Stretch #2: Extending Your Spine
A more advanced pair of stretches to flex and extend your spine are designed to be held for a longer period of time. A minimum of 30 seconds is recommended, but if you can hold the stretch for a minute or two that is even better.

To extend your spine, lay back over a fitness ball (or haybale, cooler etc.) to extend your spine. If you feel pain in your lower back, you are hyper-extending your lower back and your spine is not rolling evenly into the position.

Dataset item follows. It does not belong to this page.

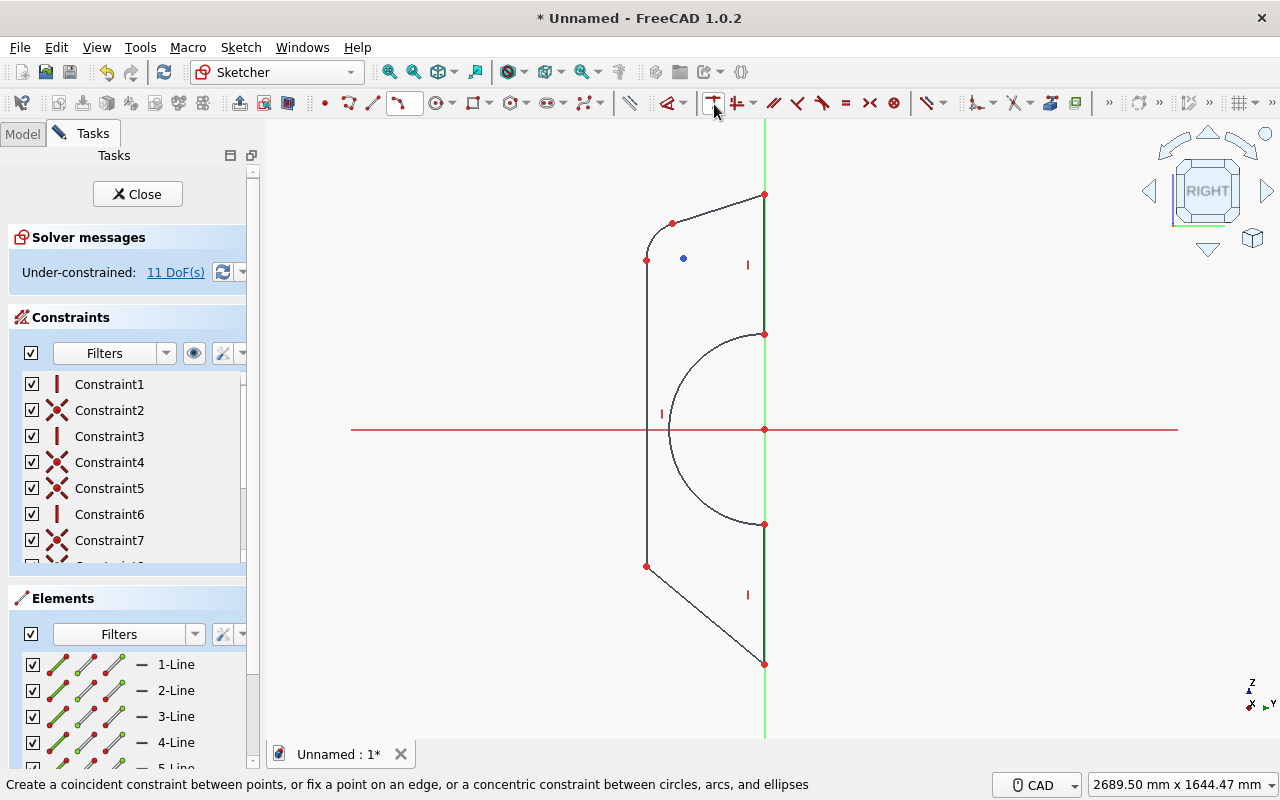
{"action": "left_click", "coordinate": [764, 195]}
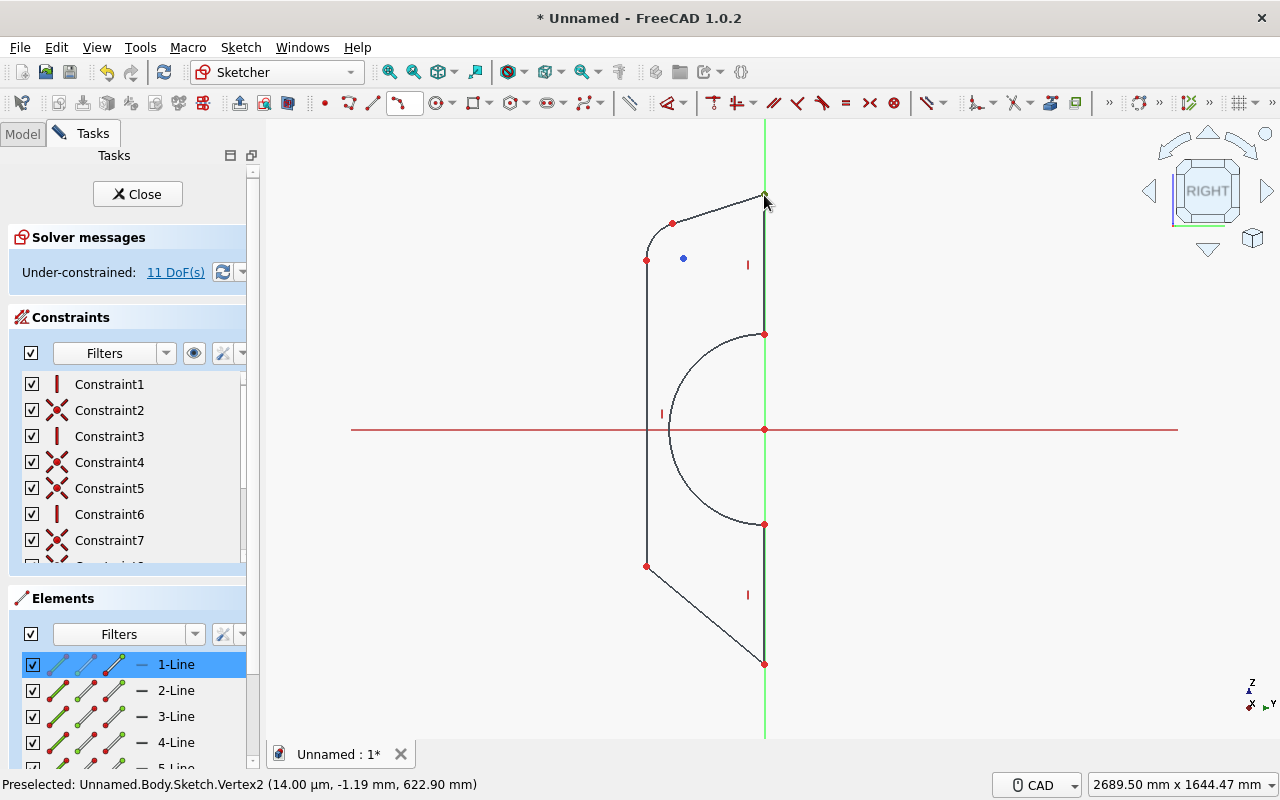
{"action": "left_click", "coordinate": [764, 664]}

You can modify the stretch by picking your pelvis up a little to reduce bend in your lower back, while allowing your upper back to continue to mold over the fitness ball until your upper back "lets go". I have found that it is quite common in a dressage rider to have a very inflexible upper back, which makes taking the time to stretch it even more important.

Stretch #3: Flexing Your Spine
The reverse position is also known as plow pose in yoga. To get into the position, lie on your back with your knees bent. Lift your seat off the floor and place your hands at your waist with elbows on the floor. Lift your feet up and bring your knees over your head- you are now doing a curled up sort of shoulder stand on three points: elbows and base of neck/head. You can extend your legs over your head and slowly lower your feet toward the ground. As you start out, it feels kind of like a shoulder stand. Only let your legs lower toward the ground as far as you can comfortably. It is quite common for someone starting out with this stretch to feel some disks in your back fold more than others, or to feel a hamstring stretch in the back of your legs. Do not let your back take more motion at any one point- if you feel pain in a precise zone, ease out or cease the stretch.

This position feels almost suffocating to the lungs at first because they are getting compressed. You can "ease out" of it by bending your knees and lifting your legs up. If you are sick and your lungs are congested, or you have an asthma or other already constricting lunge condition, be very careful not to overdo this pose. A safer alternative might be simple bending forward in a seated position, and attempting to round your back as much as possible.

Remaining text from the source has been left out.